How we eliminated service outages from ‘certificate expired’ by setting up alerts with Grafana and Prometheus

25 Nov, 2020 5 min

Here at Grafana Labs we are lucky to work with many partners around the globe. From these partnerships, we get great inspiration from some clever use cases on how Grafana and Prometheus can be used to great effect for service monitoring and availability. We came across this use case that our partner OpenAdvice came up with for their client base, and we thought it was too good to keep secret! Say goodbye to spending endless hours debugging a service availability issue as the key metrics are missing, only to find out after many hours that it was all due to a certificate expired on one endpoint — and worst of all, finding out that it could easily have been avoided! It’s our pleasure to introduce Malte to tell you more on how to implement this solution for yourself!

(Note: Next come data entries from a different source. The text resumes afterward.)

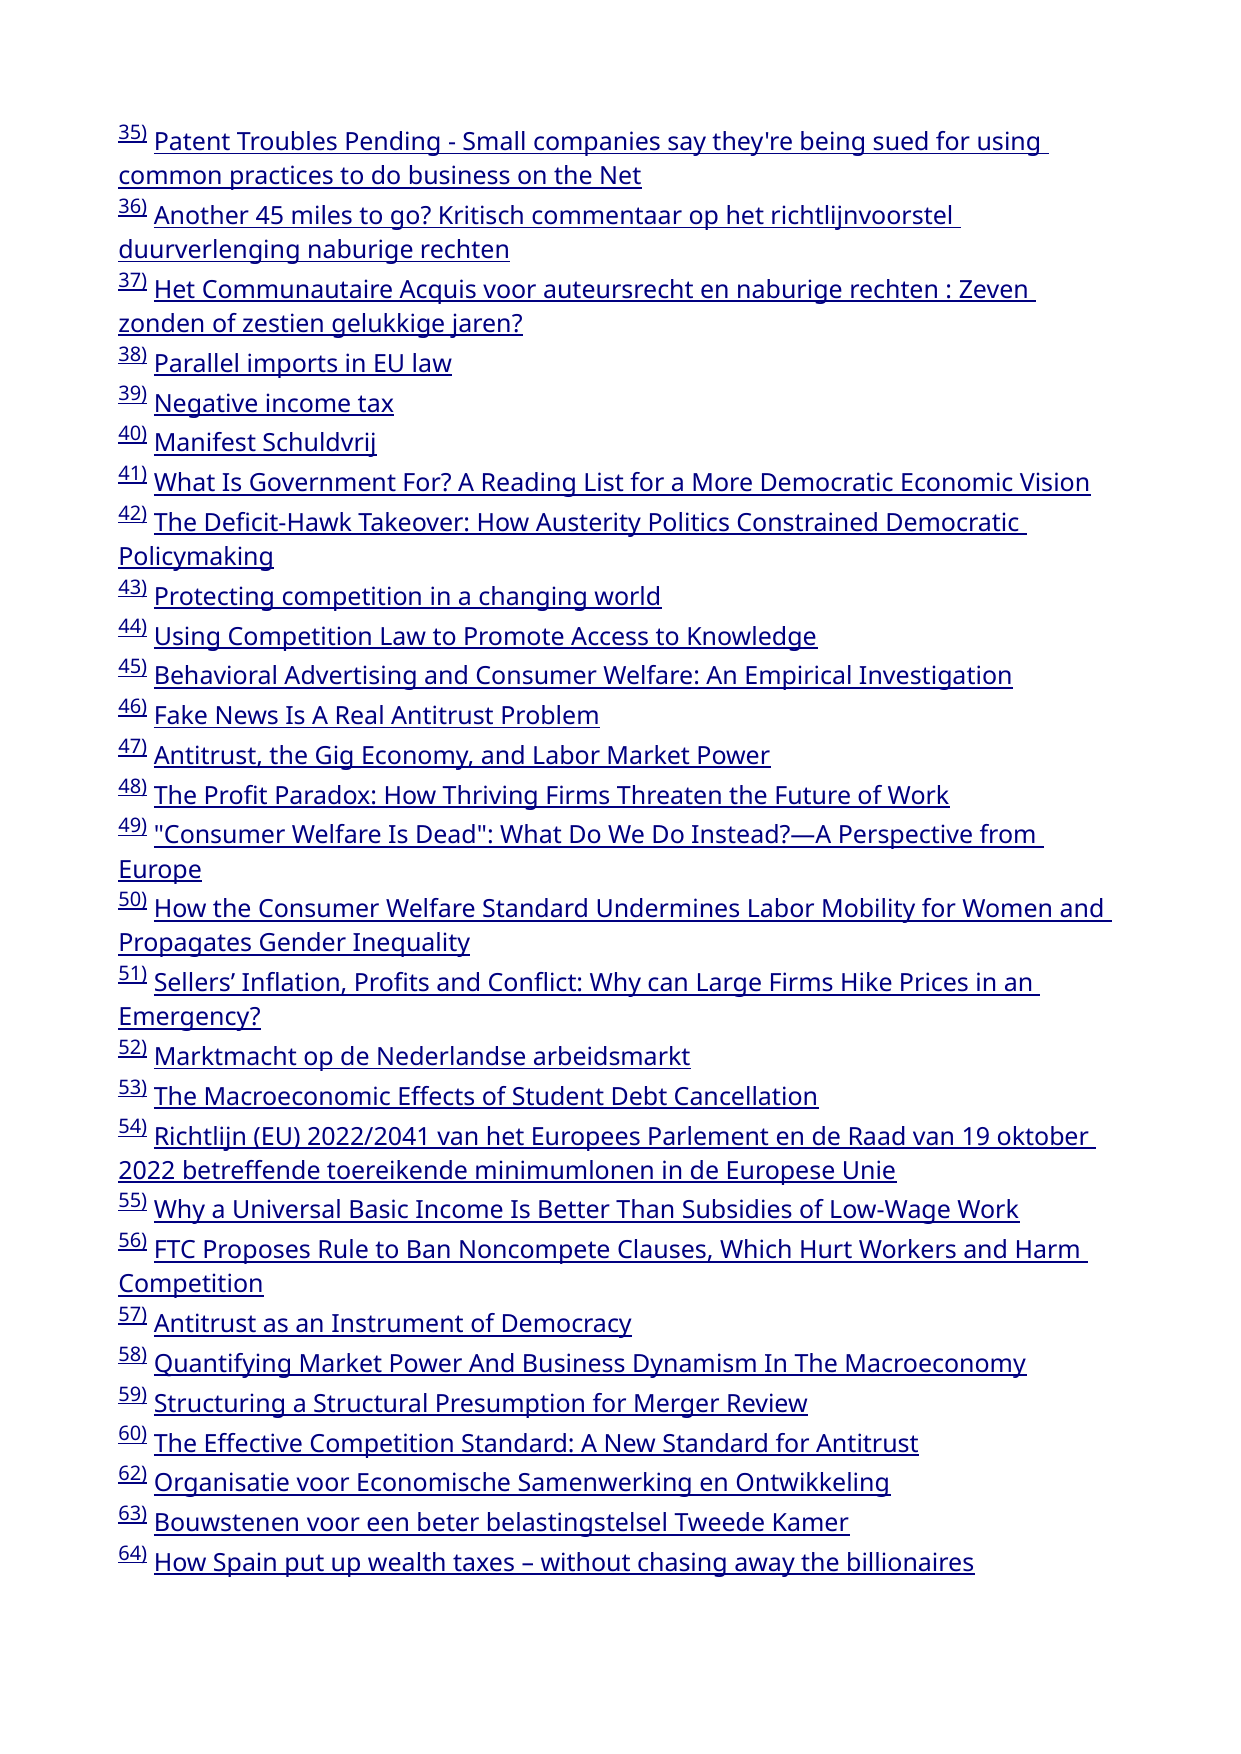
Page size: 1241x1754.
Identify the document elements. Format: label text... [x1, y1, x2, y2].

text 56) FTC Proposes Rule to Ban Noncompete Clauses, Which Hurt Workers and Harm Competition [118, 1226, 1122, 1300]
text 43) Protecting competition in a changing world [118, 573, 1122, 612]
text 39) Negative income tax [118, 379, 1122, 419]
text 37) Het Communautaire Acquis voor auteursrecht en naburige rechten : Zeven zonden of zestien gelukkige jaren? [118, 266, 1122, 340]
text 52) Marktmacht op de Nederlandse arbeidsmarkt [118, 1033, 1122, 1073]
text 59) Structuring a Structural Presumption for Merger Review [118, 1380, 1122, 1419]
text 38) Parallel imports in EU law [118, 340, 1122, 379]
text 36) Another 45 miles to go? Kritisch commentaar op het richtlijnvoorstel duurverlenging naburige rechten [118, 192, 1122, 266]
text 55) Why a Universal Basic Income Is Better Than Subsidies of Low-Wage Work [118, 1186, 1122, 1226]
text 46) Fake News Is A Real Antitrust Problem [118, 692, 1122, 732]
text 40) Manifest Schuldvrij [118, 419, 1122, 459]
text 50) How the Consumer Welfare Standard Undermines Labor Mobility for Women and Propagates Gender Inequality [118, 885, 1122, 959]
text 58) Quantifying Market Power And Business Dynamism In The Macroeconomy [118, 1340, 1122, 1380]
text 49) "Consumer Welfare Is Dead": What Do We Do Instead?—A Perspective from Europe [118, 811, 1122, 885]
text 45) Behavioral Advertising and Consumer Welfare: An Empirical Investigation [118, 652, 1122, 692]
text 42) The Deficit-Hawk Takeover: How Austerity Politics Constrained Democratic Policymaking [118, 499, 1122, 573]
text 44) Using Competition Law to Promote Access to Knowledge [118, 612, 1122, 652]
text 53) The Macroeconomic Effects of Student Debt Cancellation [118, 1073, 1122, 1113]
text 57) Antitrust as an Instrument of Democracy [118, 1300, 1122, 1340]
text 60) The Effective Competition Standard: A New Standard for Antitrust [118, 1419, 1122, 1459]
text 47) Antitrust, the Gig Economy, and Labor Market Power [118, 732, 1122, 772]
text 35) Patent Troubles Pending - Small companies say they're being sued for using common practices to do business on the Net [118, 118, 1122, 192]
text 64) How Spain put up wealth taxes – without chasing away the billionaires [118, 1539, 1122, 1579]
text 41) What Is Government For? A Reading List for a More Democratic Economic Vision [118, 459, 1122, 499]
text 54) Richtlijn (EU) 2022/2041 van het Europees Parlement en de Raad van 19 oktober 2022 betreffende toereikende minimumlonen in de Europese Unie [118, 1113, 1122, 1186]
text 62) Organisatie voor Economische Samenwerking en Ontwikkeling [118, 1459, 1122, 1499]
text 63) Bouwstenen voor een beter belastingstelsel Tweede Kamer [118, 1499, 1122, 1539]
text 48) The Profit Paradox: How Thriving Firms Threaten the Future of Work [118, 772, 1122, 811]
text 51) Sellers’ Inflation, Profits and Conflict: Why can Large Firms Hike Prices in an Emergency? [118, 959, 1122, 1033]

Hi! My name is Malte, and I’m a consultant with OpenAdvice in Germany. We offer our customers open source as well as commercial monitoring solutions. In both cases we use Grafana for dashboarding, so it was a logical step to team up with Grafana Labs to offer Grafana Enterprise on-premise for the DACH region.  

There’s one thing most of the customers have in common: At one point or another, expired certificates have caused a problem. In theory, they shouldn’t; the exact expiration date is known, and so is the process for updating. But still the problems persist! 

In this blog post, we present a simple yet effective solution: Monitor the expiration date of certificates with Prometheus and visualize it with Grafana, using features from the new table visualization in Grafana 7.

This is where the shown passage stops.